Auto-detection of tags and text classification on unstructured data with python
Swathi Tatavarthy (~swathi14) |
With the substantial increase of data every day, manual labeling of data has become a tedious task. This gave a path for text analysis to be an emerging field of study. Platforms such as e-commerce, social media, news agencies are already leveraging the process of analyzing and extracting the textual information from different types of data. Text Classification is one of the essential parts of text analysis. In general text categorization is used to generate the tags from the unstructured data and label them into predefined categories.
This kind of approach can be applied in many contexts, ranging from document filtering to automated metadata generation, word sense disambiguation, processing of OCR data and in any application that requires an efficient organization of documents. It improves the search efficiency and retrieves the results in a fraction of seconds.
Auto-detection of tags can be done using python libraries gensim and nltk.

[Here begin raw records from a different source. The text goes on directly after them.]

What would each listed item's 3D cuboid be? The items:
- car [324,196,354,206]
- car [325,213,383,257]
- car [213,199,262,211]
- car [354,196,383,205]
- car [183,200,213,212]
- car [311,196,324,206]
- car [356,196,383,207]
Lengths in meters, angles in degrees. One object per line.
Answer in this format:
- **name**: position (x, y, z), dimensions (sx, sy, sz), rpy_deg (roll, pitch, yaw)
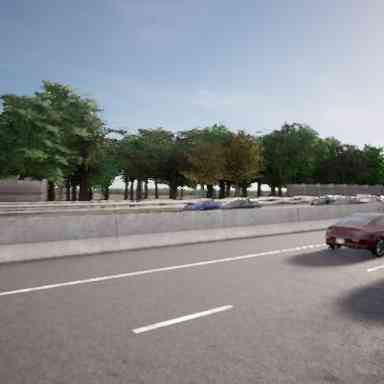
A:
- **car**: position (17.411, 1.379, 37.391), dimensions (5.008, 1.535, 1.882), rpy_deg (-1, 0, -35)
- **car**: position (7.088, 1.536, 12.982), dimensions (4.674, 1.442, 1.812), rpy_deg (0, 0, -35)
- **car**: position (4.833, 1.492, 32.925), dimensions (4.892, 1.490, 1.837), rpy_deg (0, 0, -34)
- **car**: position (19.400, 1.392, 34.512), dimensions (4.902, 1.511, 2.128), rpy_deg (-1, 0, -35)
- **car**: position (1.227, 1.523, 33.830), dimensions (4.674, 1.442, 1.812), rpy_deg (0, 0, -38)
- **car**: position (18.866, 1.327, 46.882), dimensions (4.902, 1.511, 2.128), rpy_deg (-1, 0, -35)
- **car**: position (25.438, 1.294, 47.168), dimensions (4.674, 1.442, 1.812), rpy_deg (-1, 1, -34)
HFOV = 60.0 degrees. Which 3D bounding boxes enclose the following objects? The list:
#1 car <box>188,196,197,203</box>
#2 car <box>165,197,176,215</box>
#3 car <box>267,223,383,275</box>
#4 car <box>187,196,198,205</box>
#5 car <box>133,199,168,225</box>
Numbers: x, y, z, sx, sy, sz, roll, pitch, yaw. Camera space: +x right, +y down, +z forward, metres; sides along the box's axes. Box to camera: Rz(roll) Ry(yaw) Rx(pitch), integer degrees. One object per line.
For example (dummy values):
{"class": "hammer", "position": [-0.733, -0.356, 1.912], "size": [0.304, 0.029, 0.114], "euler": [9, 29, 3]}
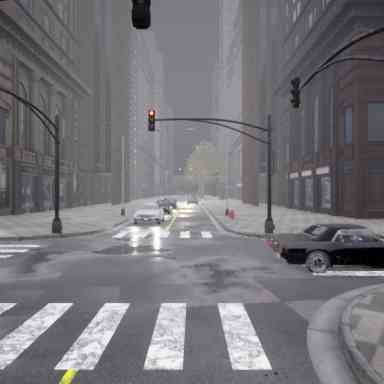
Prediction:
{"class": "car", "position": [0.152, 1.574, 69.729], "size": [1.812, 1.442, 4.674], "euler": [0, 0, 0]}
{"class": "car", "position": [-3.075, 1.552, 34.873], "size": [2.033, 1.411, 5.357], "euler": [0, 0, 0]}
{"class": "car", "position": [4.779, 1.612, 9.908], "size": [4.718, 1.301, 1.895], "euler": [0, 0, 0]}
{"class": "car", "position": [0.133, 1.582, 59.379], "size": [2.033, 1.411, 5.357], "euler": [0, 0, 0]}
{"class": "car", "position": [-3.082, 1.526, 24.463], "size": [1.812, 1.442, 4.674], "euler": [0, 0, 0]}
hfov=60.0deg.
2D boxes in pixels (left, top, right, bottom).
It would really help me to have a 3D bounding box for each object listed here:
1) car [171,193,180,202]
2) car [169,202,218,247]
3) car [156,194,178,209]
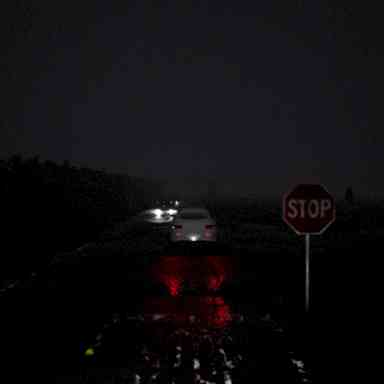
[{"bbox_3d":[-2.951,0.921,54.535,1.994,1.385,4.181,0,1,0],"label":"car"},{"bbox_3d":[0.058,1.364,13.976,1.812,1.442,4.674,0,1,0],"label":"car"},{"bbox_3d":[-2.938,1.163,37.525,1.895,1.301,4.718,0,1,0],"label":"car"}]
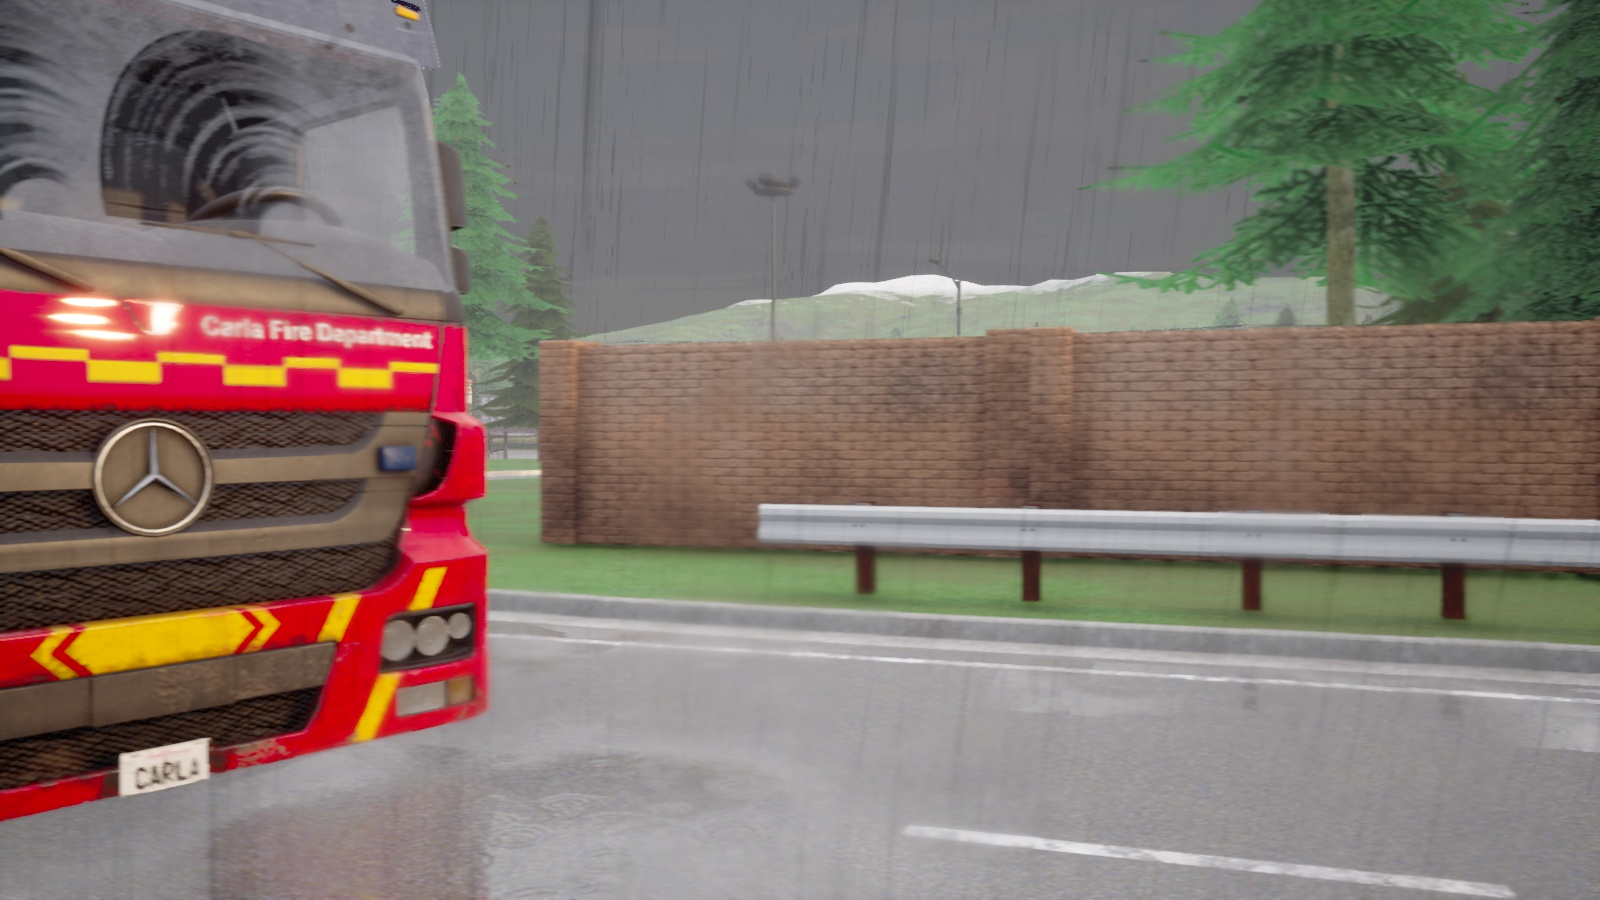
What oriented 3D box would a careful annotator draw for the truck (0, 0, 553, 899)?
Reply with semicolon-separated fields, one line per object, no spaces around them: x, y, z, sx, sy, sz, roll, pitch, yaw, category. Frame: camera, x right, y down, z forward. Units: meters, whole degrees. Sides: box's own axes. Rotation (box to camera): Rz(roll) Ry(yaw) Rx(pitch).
-5.198;-0.487;6.598;8.468;3.827;2.891;1;1;39;truck
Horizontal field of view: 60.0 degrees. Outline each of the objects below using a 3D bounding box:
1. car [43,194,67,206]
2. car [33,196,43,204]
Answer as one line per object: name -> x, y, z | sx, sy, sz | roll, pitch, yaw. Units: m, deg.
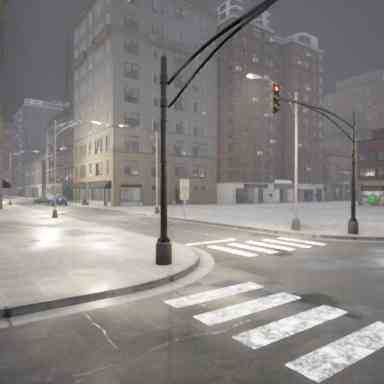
car -> -19.662, 1.114, 48.181 | 2.097, 1.767, 4.553 | 0, 0, -36
car -> -25.456, 1.282, 56.294 | 1.994, 1.385, 4.181 | 0, 0, -36
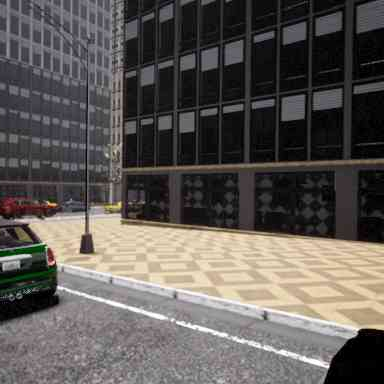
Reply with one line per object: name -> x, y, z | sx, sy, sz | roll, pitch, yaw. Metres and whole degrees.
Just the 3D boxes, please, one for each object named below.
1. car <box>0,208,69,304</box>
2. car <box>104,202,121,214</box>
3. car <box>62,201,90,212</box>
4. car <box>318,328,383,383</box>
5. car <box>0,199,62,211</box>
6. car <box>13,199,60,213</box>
car -> -4.988, 1.346, 7.251 | 4.553, 1.767, 2.097 | 0, 0, 36
car -> -8.100, 1.820, 39.341 | 1.752, 1.417, 4.829 | 1, 0, 37
car -> -14.515, 1.737, 40.393 | 1.994, 1.385, 4.181 | 1, 0, 37
car -> 3.009, 1.602, 1.532 | 4.718, 1.301, 1.895 | 0, 0, 36
car -> -14.914, 1.509, 30.142 | 2.192, 1.841, 5.009 | 1, 0, 37
car -> -18.394, 1.630, 39.524 | 1.752, 1.417, 4.829 | 1, 0, 37
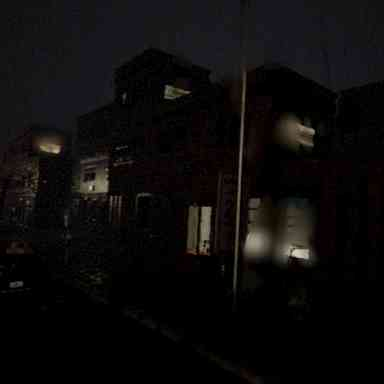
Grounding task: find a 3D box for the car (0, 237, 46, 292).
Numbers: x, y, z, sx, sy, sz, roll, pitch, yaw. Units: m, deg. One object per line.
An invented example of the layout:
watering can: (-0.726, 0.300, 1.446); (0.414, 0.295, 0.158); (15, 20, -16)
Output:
car: (-5.451, 1.960, 9.416); (2.008, 1.369, 4.403); (4, -4, -39)
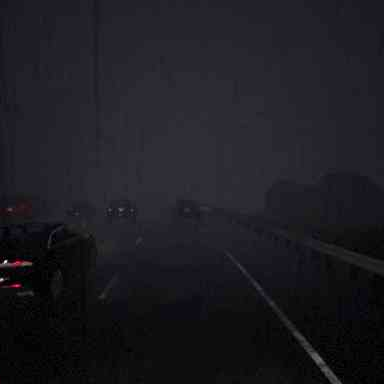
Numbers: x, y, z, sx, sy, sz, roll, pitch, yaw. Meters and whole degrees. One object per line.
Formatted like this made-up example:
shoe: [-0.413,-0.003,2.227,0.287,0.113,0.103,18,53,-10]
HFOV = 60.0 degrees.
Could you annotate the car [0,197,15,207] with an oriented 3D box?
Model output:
car: [-29.753,1.574,53.132,1.994,1.385,4.181,0,0,-17]

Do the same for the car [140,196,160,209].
car: [-5.527,1.457,45.441,1.882,1.535,5.008,0,0,-15]

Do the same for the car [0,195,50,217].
car: [-12.238,1.224,24.415,2.150,2.045,5.566,0,0,-8]

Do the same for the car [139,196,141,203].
car: [-9.362,1.454,59.120,1.882,1.535,5.008,0,0,-19]

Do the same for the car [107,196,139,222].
car: [-5.507,1.343,26.506,2.097,1.767,4.553,0,0,-8]

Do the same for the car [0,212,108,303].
car: [-3.716,1.492,8.142,2.128,1.511,4.902,0,0,-3]

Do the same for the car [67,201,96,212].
car: [-9.309,1.487,28.281,2.128,1.511,4.902,0,0,-9]

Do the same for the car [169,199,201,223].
car: [-0.611,1.336,25.727,2.097,1.767,4.553,0,0,-8]

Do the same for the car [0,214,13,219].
car: [-7.295,1.569,9.597,1.994,1.385,4.181,0,0,-3]
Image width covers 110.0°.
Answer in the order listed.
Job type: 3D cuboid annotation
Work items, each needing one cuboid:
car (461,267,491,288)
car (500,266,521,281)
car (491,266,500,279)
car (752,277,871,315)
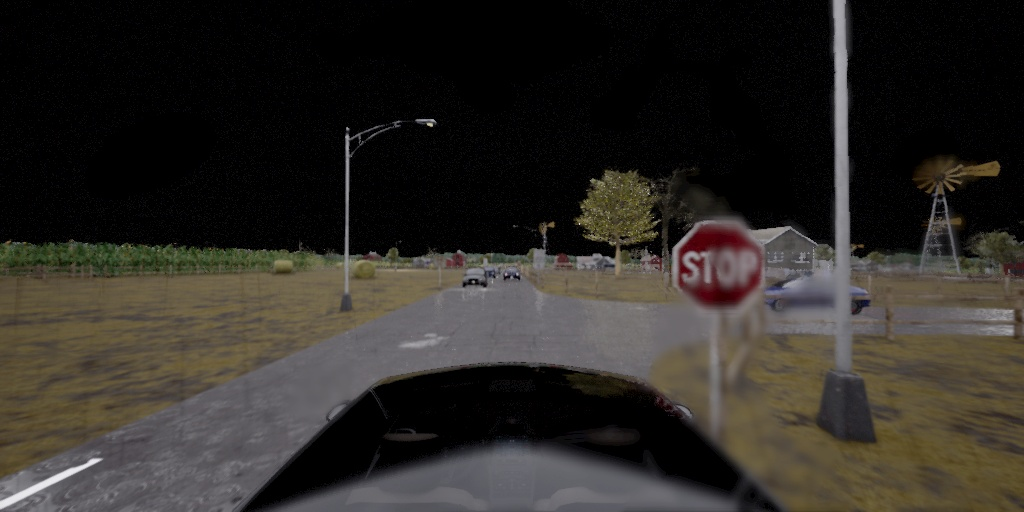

With 5-6 lines of Python code, we can generate the tags for a given document and classify them into domains using wordnet hypernyms.
- Basics of Python
- Basic understanding on Natural Language Processing
I am a Software Engineer and a Python enthusiast. With the advent of machine learning and AI, I was fascinated about the insights generated from the data. The Rich libraries support of python for Machine Learning has given me more interest to dig deeper into it. I have been part of building various AI products using NLP and Predictive analytics on Cloud Platforms.This poster focuses on the Natural language processing of textual data using python libraries.